I have promised myself to finish this story before the sun goes down, so I need to get to the point. I watched two things in the last day that have given me pause. The first was Julie and Julia with Amy Adams, Meryl Streep and Stanley Tucci. The point of the story finally comes in Julie’s last blog post to Julia where she tells her that she saved her by helping find the joy in life as she defined it, which was cooking. Julia (at least as portrayed by the finest actress of our age, Meryl Streep) is the essence of sucking the marrow out of life. Here was a somewhat awkward and overly tall and large woman who let nothing stop her. She was literally an American in post-war Paris who spoke little French, but loved the butteriness of French cooking. She had unbounded love for a man who gave her what we all deserve, the unconditional support that only comes from love.

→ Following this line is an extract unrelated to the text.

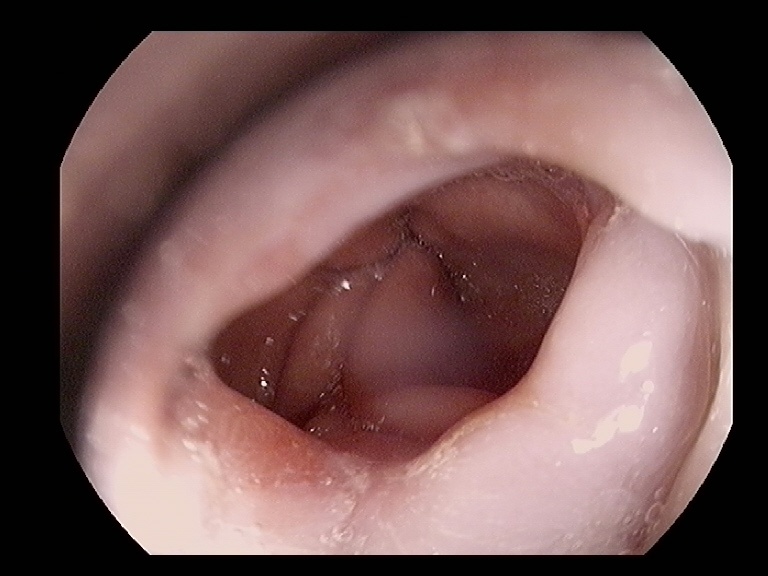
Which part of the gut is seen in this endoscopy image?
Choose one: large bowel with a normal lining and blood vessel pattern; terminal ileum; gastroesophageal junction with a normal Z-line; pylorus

gastroesophageal junction with a normal Z-line

The other show was a Netflix series called Unorthodox, which chronicles the journey of a nineteen-year-old ultra-orthodox Jewish young woman who surreptitiously escapes her husband and sect and flees to Berlin to start a new life. From Williamsburg to the center of Euro-liberalism gives quite a backdrop for a unique insiders glimpse of a very secretive anachronistic and female-unfriendly sect in today’s internet-connected world. This is a woman who thinks eating pork will literally make her sick and doesn’t know how an internet search engine works. She is literally a babe in the dark Teutonic woods with reminders of the Holocaust around her at every turn. In the case of Esty, her passion is music and while she knows little of its intricacies, she is certain she wants to know everything about music and wants to suck the marrow out of the soul of the Gods of music.
Naturally, neither young woman’s journey is straight and narrow. One must suffer the loneliness of blogging from home while she works at the 911 reparations agency by day. Esty must learn about modern life and both heal her wounds of youth and simultaneously dodge her searching husband and the Hasidic Head Hunter enlisted to assist him. But their passion sees them through. They find the joy in their lives, the joy in every day.
That is the lesson of sucking the marrow from life. We must each find the joy in whatever we are doing in whatever way we can. I think of that lesson every day. It’s easy in the early morning when the sun in rising in the East over the cactus garden. It is easy in the evening like now when the sunset colors inspire us to notice them and comment to one another. The challenge is to find the joy in the middle of the day when work is at hand or work is done. It is easy to wonder in this time of quarantine what to do with oneself. And then I remember my joys. I am blessed with great enthusiasm for many things. My wife and children are my first order joys. The rest of my family and friends are next. I love my work and I love a challenge of problems to solve. And then there is my writing and my riding. That is as full a life as any man needs. I am blessed with all the marrow I can suck.